In summary, I tried my best but without help from the authors it'd be too time consuming to put the puzzle together. If any of you want to take a crack at it, you are welcome to my script above and I suggest starting with the 2D problem given in it. Otherwise, I think my I'll move on to trying to fit an analytical representation to the density grid, same as it is done in density-fitting methods, and then use that to find the critical points. It'll only work for densities, but that's what most people care about anyway.

Also, if this method is implemented, it should have to pass a correctness test to be acceptable. It seems to me the papers' priorities are efficiency > consistency > correctness, and in my opinion it should be the other way around.

Ah yes, this is disappointing indeed, but I'm thoroughly convinced by your explanation -- thank you for sharing this information and for your attempts. I agree that efficiency is the wrong priority; as you say, if you have to make a determination about these spurious points, it's not feasible for large-scale processing, where you need the correctness first and foremost.

Hi all. I've finally found some time to take a closer look into this problem, and wrote up this. The article describes the problems mentioned above, and proposes a solution for the all-electron density, which I think fixes the problems you have encountered. The new interpolation method is accessed with the SMOOTHRHO option to LOAD. Four examples with QE, abinit, VASP, and Gaussian cube files are provided in the manual. If you are still on this, please try the new keyword and let me know how it goes. Note, however, that it works only for all-electron densities.

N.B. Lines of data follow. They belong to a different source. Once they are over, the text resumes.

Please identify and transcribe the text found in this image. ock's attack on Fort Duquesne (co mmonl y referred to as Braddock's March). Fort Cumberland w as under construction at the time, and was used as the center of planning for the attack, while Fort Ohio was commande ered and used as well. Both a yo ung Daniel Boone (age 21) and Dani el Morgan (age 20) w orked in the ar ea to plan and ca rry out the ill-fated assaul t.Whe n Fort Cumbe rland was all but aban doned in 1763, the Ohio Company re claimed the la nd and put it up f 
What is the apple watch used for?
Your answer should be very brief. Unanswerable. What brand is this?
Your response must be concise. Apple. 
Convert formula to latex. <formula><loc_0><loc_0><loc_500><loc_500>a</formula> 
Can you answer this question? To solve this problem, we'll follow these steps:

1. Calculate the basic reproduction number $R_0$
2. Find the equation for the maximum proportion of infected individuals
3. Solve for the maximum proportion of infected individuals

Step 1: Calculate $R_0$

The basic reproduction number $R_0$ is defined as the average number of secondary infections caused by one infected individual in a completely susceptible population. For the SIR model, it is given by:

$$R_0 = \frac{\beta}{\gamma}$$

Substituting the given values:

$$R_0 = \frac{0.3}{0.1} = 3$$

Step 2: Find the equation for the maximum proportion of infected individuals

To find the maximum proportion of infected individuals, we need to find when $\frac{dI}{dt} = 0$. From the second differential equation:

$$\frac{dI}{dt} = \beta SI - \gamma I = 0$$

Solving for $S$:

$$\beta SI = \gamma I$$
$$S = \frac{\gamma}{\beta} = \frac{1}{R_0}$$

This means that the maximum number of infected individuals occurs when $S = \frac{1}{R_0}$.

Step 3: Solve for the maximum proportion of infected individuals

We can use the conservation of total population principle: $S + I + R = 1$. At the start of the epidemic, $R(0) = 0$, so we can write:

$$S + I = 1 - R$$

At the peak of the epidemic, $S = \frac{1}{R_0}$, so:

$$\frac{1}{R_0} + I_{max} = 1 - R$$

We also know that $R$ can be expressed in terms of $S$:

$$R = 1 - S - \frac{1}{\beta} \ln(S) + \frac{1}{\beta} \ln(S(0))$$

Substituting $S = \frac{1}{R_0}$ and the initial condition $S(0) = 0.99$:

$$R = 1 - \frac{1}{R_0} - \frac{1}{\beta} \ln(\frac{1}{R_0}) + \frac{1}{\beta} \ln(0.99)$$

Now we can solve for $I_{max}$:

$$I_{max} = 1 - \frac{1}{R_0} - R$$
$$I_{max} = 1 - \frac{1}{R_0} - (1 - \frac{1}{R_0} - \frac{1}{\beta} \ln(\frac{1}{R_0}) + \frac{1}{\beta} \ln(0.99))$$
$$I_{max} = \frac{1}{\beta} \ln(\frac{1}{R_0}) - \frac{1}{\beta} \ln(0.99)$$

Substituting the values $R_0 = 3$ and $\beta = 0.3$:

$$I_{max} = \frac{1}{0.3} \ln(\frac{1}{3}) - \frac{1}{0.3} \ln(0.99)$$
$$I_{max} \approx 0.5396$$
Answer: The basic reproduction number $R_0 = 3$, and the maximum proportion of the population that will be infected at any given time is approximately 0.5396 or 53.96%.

For the examples you provided (thanks for keeping them in the dropbox all this time), these inputs work:

molecule neg.dens.0.cube
load neg.dens.0.cube smoothrho

auto discard "$1 < 1e-5"
cpreport neg.vmd graph

This gives the same topology:

* Critical point list, final report (non-equivalent cps)
  Topological class (n|b|r|c): 19(19) 18(18) 0(0) 0(0) 
  Poincare-Hopf sum: 1

for neg and neut. The output files:
neut.cro.txt
neg.cro.txt
and the molecular graphs look like this:
neg

The covellite example mentioned in issue #7 is considered explicitly in the example from the manual. All critical points were found and there are no more spurious self-bonding atoms.

Also relevant for issue #29 but I couldn't find the source files for that one. I'm confident that it'll work, though.

If you are still on this, please try the new keyword and let me know how it goes. Note, however, that it works only for all-electron densities.

This is excellent work; thank you for the update and sharing the examples! This work has been on pause for lack of a reliable method, so it will be exciting to revisit it :)

OK! I'll close this as solved, then. Feel free to reopen if you find any problems.